Téléphone au volant : Des pénalités jusqu’à 10 points bientôt imposées

9 hours ago - 12 May 2026, ION NEWS
Téléphone au volant : Des pénalités jusqu’à 10 points bientôt imposées
Le gouvernement veut durcir le ton contre les automobilistes utilisant leur téléphone portable au volant.

Réuni vendredi 8 mai, le Conseil des ministres a donné son accord au ministère du Transport pour modifier le Road Traffic Act afin d’augmenter le nombre de points de pénalité infligés pour ce type d’infraction.

Le barème actuel de 3 à 6 points passerait ainsi à une fourchette de 5 à 10 points pour les conducteurs surpris en train d’utiliser un téléphone ou un microphone tenu à la main pendant la conduite.

Cette décision intervient alors que les autorités constatent que de nombreux usagers continuent d’adopter des comportements à risque sur les routes, notamment l’envoi de messages et la manipulation du téléphone en conduisant, malgré l’entrée en vigueur du Penalty Points System le 31 janvier 2026.

Selon une première évaluation menée par le Traffic Management and Road Safety Unit sur la période de janvier 2025 à avril 2026, les indicateurs de sécurité routière montrent une certaine stabilisation depuis l’introduction du système. Les autorités évoquent également une diminution de certains cas de décès sur les routes, attribuée au renforcement des contrôles et à l’application plus stricte des sanctions.
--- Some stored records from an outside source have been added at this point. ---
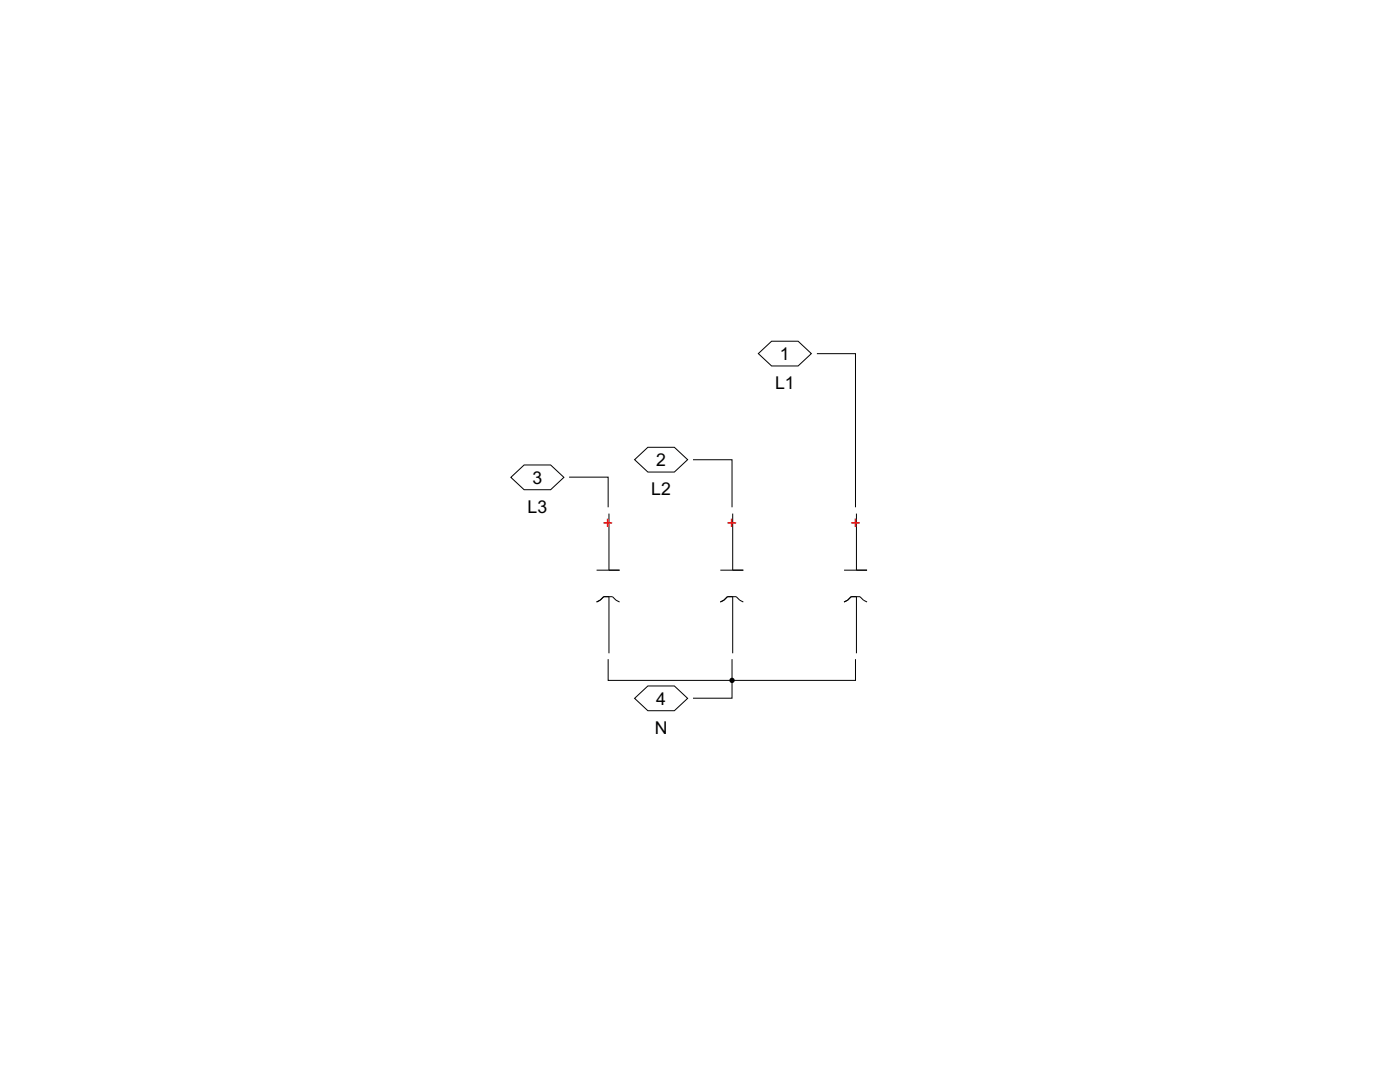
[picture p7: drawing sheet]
<svg xmlns="http://www.w3.org/2000/svg" width="279mm" height="216mm" viewBox="0 0 279 216" stroke-linecap="round" stroke-linejoin="round" font-family="sans-serif">
<defs><g id="words">
<g font-size="3.5">
<text x="155.7" y="71.8">1</text>
<text x="154.7" y="77.6">L1</text>
<text x="131" y="93">2</text>
<text x="106.3" y="96.5">3</text>
<text x="130" y="98.8">L2</text>
<text x="105.3" y="102.3">L3</text>
<text x="131" y="140.6">4</text>
<text x="130.7" y="146.4">N</text>
</g>
<g font-size="3.5" fill="#e60000">
<text x="122.6" y="105.4" transform="rotate(-90 122.6 105.4)">+</text>
<text x="147.3" y="105.4" transform="rotate(-90 147.3 105.4)">+</text>
<text x="172" y="105.4" transform="rotate(-90 172 105.4)">+</text>
</g>
</g></defs>
<path d="M102 95.2l2.6-2.4h5.3l2.6 2.4-2.6 2.5h-5.3z" fill="none" stroke="#000" stroke-width=".2"/>
<path d="M164 102.3h13.4v28.2h-13.4z" fill="#fff"/>
<path d="M168.5 113.8h4.5M170.9 102.5v11.3M170.9 119.1v11.3M168.5 120.1l.7-.3 .7-.7h1.7l.7 .7 .7 .3" fill="none" stroke="#000" stroke-width=".2"/>
<path d="M139.3 102.3h13.5v28.2h-13.5z" fill="#fff"/>
<path d="M143.8 113.8h4.5M146.2 102.5v11.3M146.2 119.1v11.3M143.8 120.1l.7-.3 .7-.7h1.7l.7 .7 .7 .3" fill="none" stroke="#000" stroke-width=".2"/>
<path d="M126.6 91.7l2.7-2.4h5.3l2.6 2.4-2.6 2.5h-5.3z" fill="#fff"/>
<path d="M126.6 91.7l2.7-2.4h5.3l2.6 2.4-2.6 2.5h-5.3z" fill="none" stroke="#000" stroke-width=".2"/>
<path d="M126.6 139.3l2.7-2.4h5.3l2.6 2.4-2.6 2.5h-5.3z" fill="#fff"/>
<path d="M126.6 139.3l2.7-2.4h5.3l2.6 2.4-2.6 2.5h-5.3z" fill="none" stroke="#000" stroke-width=".2"/>
<path d="M114.7 102.3h13.4v28.2h-13.4z" fill="#fff"/>
<path d="M119.1 113.8h4.5M121.5 102.5v11.3M121.5 119.1v11.3M119.1 120.1l.7-.3 .7-.7h1.7l.7 .7 .7 .3" fill="none" stroke="#000" stroke-width=".2"/>
<path d="M151.3 70.6l2.7-2.5h5.3l2.6 2.5-2.6 2.4h-5.3z" fill="#fff"/>
<path d="M151.3 70.6l2.7-2.5h5.3l2.6 2.5-2.6 2.4h-5.3zM163 70.6h7.7v30.6M113.6 95.2h7.8v6M138.3 91.7h7.8v9.5M121.4 131.5v4.3h24.7M146.1 135.8v3.5h-7.8M146.1 131.5v4.3M170.7 131.5v4.3h-24.6" fill="none" stroke="#000" stroke-width=".2"/>
<circle cx="146.1" cy="135.8" r=".53" fill="#000"/>
<use href="#words"/>
</svg>
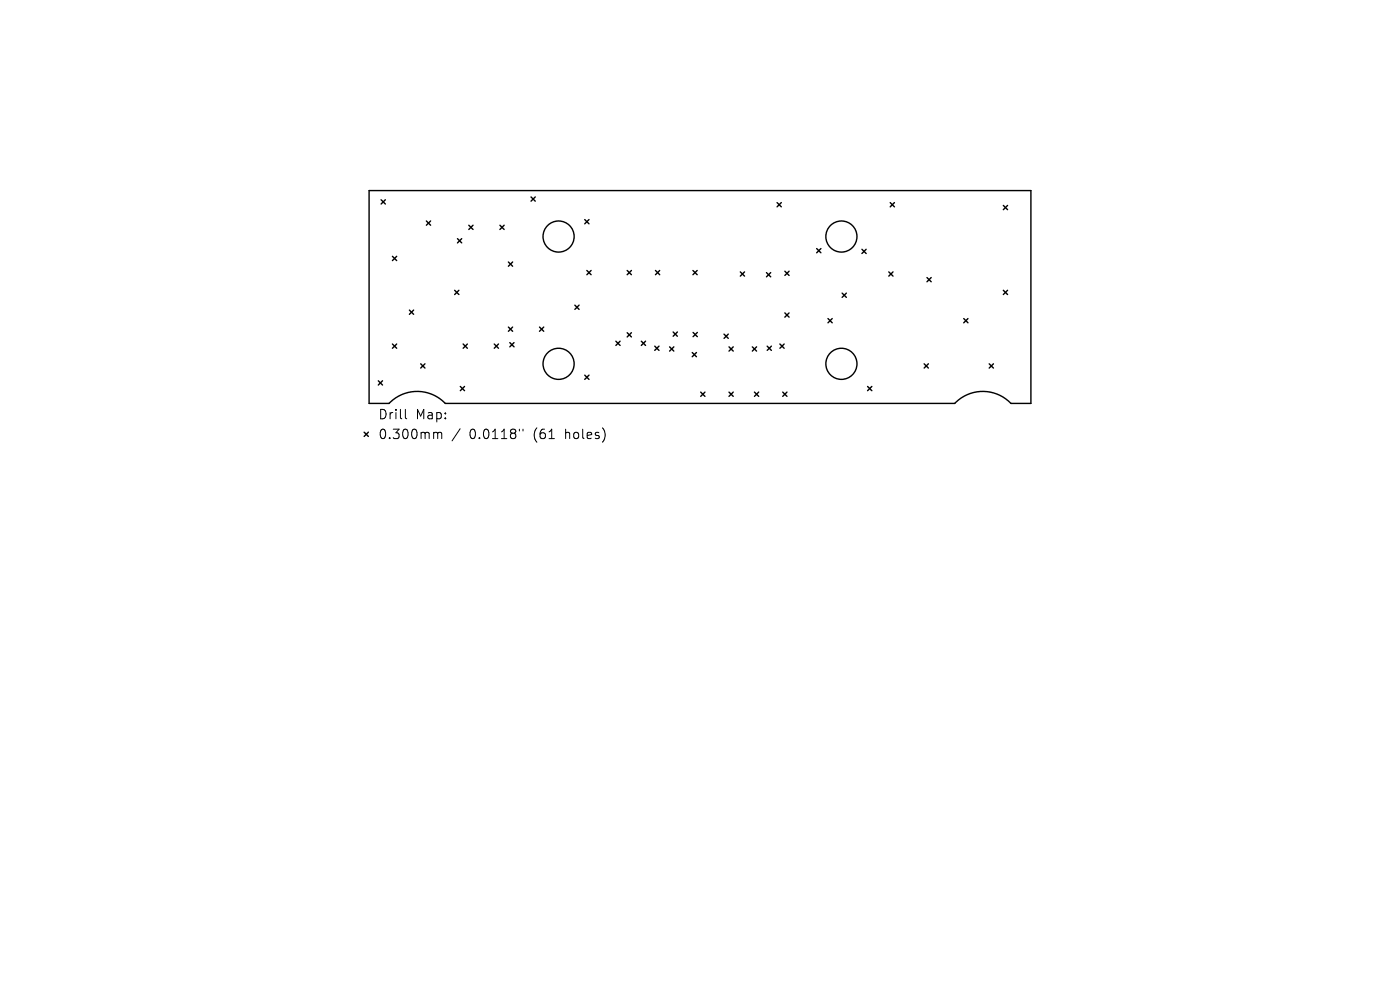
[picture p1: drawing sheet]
<svg xmlns="http://www.w3.org/2000/svg" width="297mm" height="210mm" viewBox="0 0 297 210" stroke-linecap="round" stroke-linejoin="round" font-family="sans-serif">
<defs><g id="words">
<g font-size="2.8">
<text x="80.2" y="89.2">Drill</text>
<text x="88.2" y="89.2">Map:</text>
<text x="80.2" y="93.4">0.300mm</text>
<text x="99.6" y="93.4">0.0118&quot;</text>
<text x="113.3" y="93.4">(61</text>
<text x="120.2" y="93.4">holes)</text>
</g>
</g></defs>
<g fill="none" stroke="#000" stroke-width=".3">
<path d="M78.3 40.4h140.4v45.2h-4.2a8.3 8.3 0 0 0-12 0h-108a8.3 8.3 0 0 0-12 0h-4.2zM80.9 42.4l.9 .9M81.8 42.4l-.9 .9M83.3 54.4l.9 .9M84.2 54.4l-.9 .9M90.5 46.9l.9 .9M91.4 46.9l-.9 .9M97.1 50.6l.9 .9M98 50.6l-.9 .9M99.5 47.8l.9 .9M100.4 47.8l-.9 .9M106.1 47.8l.9 .9"/>
<path d="M107 47.8l-.9 .9M107.9 55.6l.9 .9M108.8 55.6l-.9 .9M112.7 41.8l.9 .9M113.6 41.8l-.9 .9M124.1 46.6l.9 .9M124.5 57.4l.9 .9M125 46.6l-.9 .9M125.4 57.4l-.9 .9M133.1 57.4l.9 .9M134 57.4l-.9 .9M139.1 57.4l.9 .9"/>
<path d="M140 57.4l-.9 .9M147 57.4l.9 .9M147.9 57.4l-.9 .9M157.1 57.7l.9 .9M158 57.7l-.9 .9M162.6 57.8l.9 .9M163.5 57.8l-.9 .9M164.9 43l.9 .9M165.8 43l-.9 .9M166.5 57.5l.9 .9M167.4 57.5l-.9 .9M173.3 52.7l.9 .9"/>
<path d="M174.2 52.7l-.9 .9M182.9 52.9l.9 .9M183.8 52.9l-.9 .9M188.6 57.7l.9 .9M188.9 43l.9 .9M189.5 57.7l-.9 .9M189.8 43l-.9 .9M196.7 58.9l.9 .9M197.6 58.9l-.9 .9M212.9 43.6l.9 .9M213.8 43.6l-.9 .9M83.3 73l.9 .9"/>
<path d="M84.2 73l-.9 .9M86.9 65.8l.9 .9M87.8 65.8l-.9 .9M89.3 77.2l.9 .9M90.2 77.2l-.9 .9M96.5 61.6l.9 .9M97.4 61.6l-.9 .9M98.3 73l.9 .9M99.2 73l-.9 .9M104.9 73l.9 .9M105.8 73l-.9 .9M107.9 69.4l.9 .9"/>
<path d="M108.2 72.7l.9 .9M108.8 69.4l-.9 .9M109.1 72.7l-.9 .9M114.5 69.4l.9 .9M115.4 69.4l-.9 .9M122 64.7l.9 .9M122.9 64.7l-.9 .9M124.1 79.6l.9 .9M125 79.6l-.9 .9M130.7 72.4l.9 .9M131.6 72.4l-.9 .9M133.1 70.6l.9 .9"/>
<path d="M134 70.6l-.9 .9M136.1 72.4l.9 .9M137 72.4l-.9 .9M138.9 73.4l.9 .9M139.8 73.4l-.9 .9M142.1 73.6l.9 .9M142.8 70.4l.9 .9M143 73.6l-.9 .9M143.7 70.4l-.9 .9M146.9 74.8l.9 .9M147 70.5l.9 .9M147.8 74.8l-.9 .9"/>
<path d="M147.9 70.5l-.9 .9M153.6 70.9l.9 .9M154.5 70.9l-.9 .9M154.7 73.6l.9 .9M155.6 73.6l-.9 .9M159.6 73.6l.9 .9M160.5 73.6l-.9 .9M162.8 73.4l.9 .9M163.7 73.4l-.9 .9M165.5 73l.9 .9M166.4 73l-.9 .9M166.5 66.4l.9 .9"/>
<path d="M167.4 66.4l-.9 .9M175.7 67.6l.9 .9M176.6 67.6l-.9 .9M178.7 62.2l.9 .9M179.6 62.2l-.9 .9M196.1 77.2l.9 .9M197 77.2l-.9 .9M204.5 67.6l.9 .9M205.4 67.6l-.9 .9M209.9 77.2l.9 .9M210.8 77.2l-.9 .9M212.9 61.6l.9 .9"/>
<path d="M213.8 61.6l-.9 .9M77.3 91.7l.9 .9M78.2 91.7l-.9 .9M80.3 80.8l.9 .9M81.2 80.8l-.9 .9M97.7 82l.9 .9M98.6 82l-.9 .9M148.7 83.2l.9 .9M149.6 83.2l-.9 .9M154.7 83.2l.9 .9M155.6 83.2l-.9 .9M160.1 83.2l.9 .9"/>
<path d="M161 83.2l-.9 .9M166.1 83.2l.9 .9M167 83.2l-.9 .9M184.1 82l.9 .9M185 82l-.9 .9"/>
<circle cx="118.5" cy="50.2" r="3.3"/>
<circle cx="178.5" cy="50.2" r="3.3"/>
<circle cx="118.5" cy="77.2" r="3.3"/>
<circle cx="178.5" cy="77.2" r="3.3"/>
</g>
<path d="M86 86.8v1.8l.3 .2M92.3 91.7l.5 .1 .1 .2M92.9 92l.2-.3 .5 .1 .1 1.2M92.9 92v1M97.6 90.9l-1.7 2.6M110.2 91v.4M110.9 91v.4" fill="none" stroke="#000" stroke-width=".21"/>
<use href="#words"/>
</svg>

Le gouvernement estime néanmoins que des mesures plus sévères sont nécessaires afin de freiner les comportements dangereux et encourager une conduite plus responsable. Le Traffic Management and Road Safety Unit et la police procéderont désormais à des évaluations trimestrielles du système de points de pénalité afin de mesurer son efficacité sur la sécurité routière.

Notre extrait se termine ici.